Винокур Т.Г. Говорящий и слушающий. Варианты речевого поведения. М., 1993.

Горелов И.Н., Седов К.Ф. Основы психолингвистики [3-е перераб. и доп. изд.]. М., 2001.

Жинкин Н.И. Механизмы речи. М., 1958.

Жинкин Н.И. Речь как проводник информации. М., 1982.

Зимняя И.А. Функциональная психологическая схема формирования и формулирования мысли посредством языка // Исследование речевого мышления в психолингвистике. М., 1985.

Исенина Е.И. Дословесный период развития речи у детей. Саратов, 1986.

Исследование речевого мышления в психолингвистике. М., 1985

Карасик В.И. Структура институционального дискурса // Проблемы речевой коммуникации.
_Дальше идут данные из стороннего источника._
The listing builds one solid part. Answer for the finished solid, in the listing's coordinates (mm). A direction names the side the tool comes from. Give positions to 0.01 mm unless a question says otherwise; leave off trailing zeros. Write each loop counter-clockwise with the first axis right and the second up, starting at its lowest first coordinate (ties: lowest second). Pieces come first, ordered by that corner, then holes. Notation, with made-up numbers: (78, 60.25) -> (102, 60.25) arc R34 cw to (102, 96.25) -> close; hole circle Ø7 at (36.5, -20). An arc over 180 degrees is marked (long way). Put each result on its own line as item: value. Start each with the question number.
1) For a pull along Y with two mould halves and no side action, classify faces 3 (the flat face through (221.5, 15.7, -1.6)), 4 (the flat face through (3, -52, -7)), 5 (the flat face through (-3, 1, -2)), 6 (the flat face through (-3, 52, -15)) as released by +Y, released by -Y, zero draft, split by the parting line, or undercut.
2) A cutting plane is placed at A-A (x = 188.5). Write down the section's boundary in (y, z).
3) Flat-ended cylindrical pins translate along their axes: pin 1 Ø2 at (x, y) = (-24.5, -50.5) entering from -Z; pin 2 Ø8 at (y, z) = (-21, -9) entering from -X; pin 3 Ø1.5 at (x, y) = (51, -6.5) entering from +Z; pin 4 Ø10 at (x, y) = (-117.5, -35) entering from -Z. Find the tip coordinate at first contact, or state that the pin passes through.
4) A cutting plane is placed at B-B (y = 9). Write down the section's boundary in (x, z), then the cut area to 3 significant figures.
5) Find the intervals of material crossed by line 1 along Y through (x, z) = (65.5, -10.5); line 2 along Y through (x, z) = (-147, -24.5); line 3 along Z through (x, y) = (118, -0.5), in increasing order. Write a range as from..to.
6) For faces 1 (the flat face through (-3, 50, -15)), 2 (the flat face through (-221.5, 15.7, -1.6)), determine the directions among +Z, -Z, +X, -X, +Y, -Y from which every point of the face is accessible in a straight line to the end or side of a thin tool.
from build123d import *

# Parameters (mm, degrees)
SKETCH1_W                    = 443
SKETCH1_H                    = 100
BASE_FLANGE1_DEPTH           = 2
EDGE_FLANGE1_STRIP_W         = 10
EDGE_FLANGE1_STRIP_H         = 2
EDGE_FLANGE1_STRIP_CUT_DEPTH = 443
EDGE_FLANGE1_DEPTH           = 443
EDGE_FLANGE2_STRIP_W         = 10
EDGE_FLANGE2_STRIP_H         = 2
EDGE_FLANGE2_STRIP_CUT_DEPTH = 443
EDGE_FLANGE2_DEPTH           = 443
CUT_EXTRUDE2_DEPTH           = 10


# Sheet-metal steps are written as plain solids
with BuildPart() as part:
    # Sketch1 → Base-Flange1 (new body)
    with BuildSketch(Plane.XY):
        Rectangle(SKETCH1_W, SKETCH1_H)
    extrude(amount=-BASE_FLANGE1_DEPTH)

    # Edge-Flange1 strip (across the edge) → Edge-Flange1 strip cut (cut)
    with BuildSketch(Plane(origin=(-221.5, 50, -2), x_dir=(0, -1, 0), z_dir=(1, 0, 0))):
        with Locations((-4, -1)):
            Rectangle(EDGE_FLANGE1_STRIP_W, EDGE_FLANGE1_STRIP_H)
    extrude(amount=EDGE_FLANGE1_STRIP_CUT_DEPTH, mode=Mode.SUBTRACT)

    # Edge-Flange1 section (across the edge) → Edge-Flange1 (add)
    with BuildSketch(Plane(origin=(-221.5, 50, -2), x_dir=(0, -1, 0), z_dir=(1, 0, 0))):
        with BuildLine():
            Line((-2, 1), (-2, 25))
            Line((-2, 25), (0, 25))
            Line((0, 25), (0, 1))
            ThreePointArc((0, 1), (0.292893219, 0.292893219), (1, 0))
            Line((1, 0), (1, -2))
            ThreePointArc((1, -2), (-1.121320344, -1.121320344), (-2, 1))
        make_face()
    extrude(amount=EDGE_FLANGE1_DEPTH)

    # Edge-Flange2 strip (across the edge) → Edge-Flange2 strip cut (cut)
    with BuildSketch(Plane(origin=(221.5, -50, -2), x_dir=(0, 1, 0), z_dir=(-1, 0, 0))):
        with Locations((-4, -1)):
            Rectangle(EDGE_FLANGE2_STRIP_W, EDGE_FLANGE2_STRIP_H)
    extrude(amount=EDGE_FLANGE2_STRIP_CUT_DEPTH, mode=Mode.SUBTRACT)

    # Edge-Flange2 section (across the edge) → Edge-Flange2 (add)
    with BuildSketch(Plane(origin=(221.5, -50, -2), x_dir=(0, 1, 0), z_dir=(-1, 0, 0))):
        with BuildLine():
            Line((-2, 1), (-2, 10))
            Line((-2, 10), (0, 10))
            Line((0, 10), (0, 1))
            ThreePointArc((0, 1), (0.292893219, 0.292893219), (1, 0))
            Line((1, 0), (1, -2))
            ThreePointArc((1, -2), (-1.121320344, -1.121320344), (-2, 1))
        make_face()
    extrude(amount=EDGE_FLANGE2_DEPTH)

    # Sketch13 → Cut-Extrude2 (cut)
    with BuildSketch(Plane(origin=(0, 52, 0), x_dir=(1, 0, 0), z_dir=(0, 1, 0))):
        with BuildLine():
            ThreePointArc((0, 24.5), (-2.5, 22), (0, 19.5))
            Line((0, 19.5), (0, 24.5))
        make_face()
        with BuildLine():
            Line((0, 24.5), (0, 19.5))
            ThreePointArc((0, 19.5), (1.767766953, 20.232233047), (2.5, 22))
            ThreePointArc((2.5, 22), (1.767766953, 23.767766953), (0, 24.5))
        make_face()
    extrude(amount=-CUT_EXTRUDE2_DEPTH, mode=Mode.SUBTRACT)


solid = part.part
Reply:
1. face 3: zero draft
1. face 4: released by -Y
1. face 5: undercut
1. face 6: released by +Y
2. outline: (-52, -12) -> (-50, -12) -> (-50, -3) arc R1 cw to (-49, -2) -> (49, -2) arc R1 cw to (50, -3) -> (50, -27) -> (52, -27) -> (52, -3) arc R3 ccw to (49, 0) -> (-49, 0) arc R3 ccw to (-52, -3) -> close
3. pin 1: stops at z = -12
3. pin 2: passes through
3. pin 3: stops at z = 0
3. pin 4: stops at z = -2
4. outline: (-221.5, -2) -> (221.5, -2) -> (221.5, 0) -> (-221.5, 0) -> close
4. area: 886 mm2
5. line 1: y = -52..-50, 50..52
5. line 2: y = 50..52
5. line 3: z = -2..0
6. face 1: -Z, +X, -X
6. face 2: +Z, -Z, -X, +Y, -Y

Саратов, 2000.

Китайгородская Г.А. Методические основы интенсивного обучения иностранным языкам. М., 1986.

Лепская Н.И. Язык ребенка (Онтогенез речевой коммуникации). М., 1997.

Ли Н.М. Взаимодействие матери и ребенка. Интонационный аспект (возраст 1.3 – 1.8) // Психолингвистика и проблемы и проблемы детской речи – 2000. Череповец, 2000.

Новиков А.И. Семантика текста и ее формализация. М., 1983.

Петрова Т.И. Инсценированный квазидиалог как особый жанр детской речи: Дис. … канд. филол. наук. Владивосток, 2000.

Седов К.Ф. Становление дискурсивного мышления языковой личности: Психо- и социолингвистический аспекты. Саратов, 1999.

Скалкин В.Л. Основы обучения устной иноязычной речи. М., 1981.

Цейтлин С.Н. Окказиональные морфологические формы в детской речи. Л., 1988.

Человеческий фактор в языке: Язык и порождение речи. М., 1991.

Шейгал Е.И. Семиотика политического дискурса. М.; Волгоград, 2000.